İçişleri Bakanlığı ile Adalet Bakanlığı’na da bir teklifim var;
Şu anda seksen milyon insanımızla aynı şartlarda yaşayan yüz bin din görevlimiz içerisinde suç işleyen kaç görevli vardır
Din görevlilerimiz 657 sayılı kanuna tabidirler.
Savunma Bakanlığı’nda, Adalet Bakanlığı’nda, Milli Eğitim Bakanlığı’nda, İçişleri Bakanlığı’nda ve diğer bakanlıklarda yüz bin memurdan kaç kişi suç işlemiştir.
Din görevlileri suç işlemez demiyorum. İnsandırlar hata yaparlar.
Suç işleme oranları önemlidir.
Ashabı kiramdan suç işleyen ve cezalandırılanlar olmuş ama kâfirlik dönemleriyle kıyaslandığında binde bir değil, on binde bir oranında suç işlemeleri azalmıştır.
Bakın yine o örnek nesil ashabı kirama kayıverdi kalemim. (Allah, onların hepsinden arzı olsun.)
Araştırma sonuçlarını ben şimdiden ilan ediyorum, kurumlar arasında en az suçu din görevlileri işler.
Çünkü aldığı eğitimin içinde, İslami eğitimin adı ve kokusu vardır. Kendisi yoktur.
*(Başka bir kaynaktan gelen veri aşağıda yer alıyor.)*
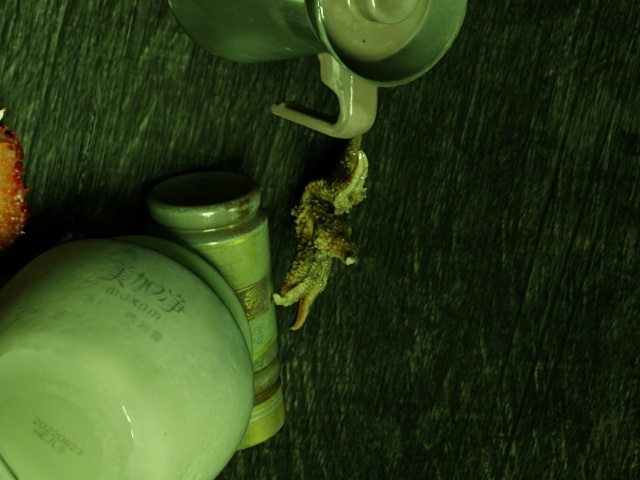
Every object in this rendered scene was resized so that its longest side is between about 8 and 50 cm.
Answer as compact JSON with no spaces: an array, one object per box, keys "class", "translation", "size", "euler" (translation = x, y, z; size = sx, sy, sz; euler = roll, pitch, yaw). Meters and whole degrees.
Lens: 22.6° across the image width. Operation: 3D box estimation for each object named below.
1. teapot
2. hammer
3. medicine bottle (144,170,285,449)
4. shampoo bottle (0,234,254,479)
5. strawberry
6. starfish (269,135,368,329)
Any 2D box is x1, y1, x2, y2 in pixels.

Buna rağmen o ad ve koku bile bizi suç işlemekten alıkoyuyor.
Eğer İslami eğitime geçmezsek seksen milyonun yarısı güvenlikçi olsa da, tuvalet ve banyolarımıza kadar her yere kamera koyma ve merkezden izlenme sağlansa da, seksen milyon insanımızın hepsi bu eğitim içinde profesör yapılsa da, terör bitmez.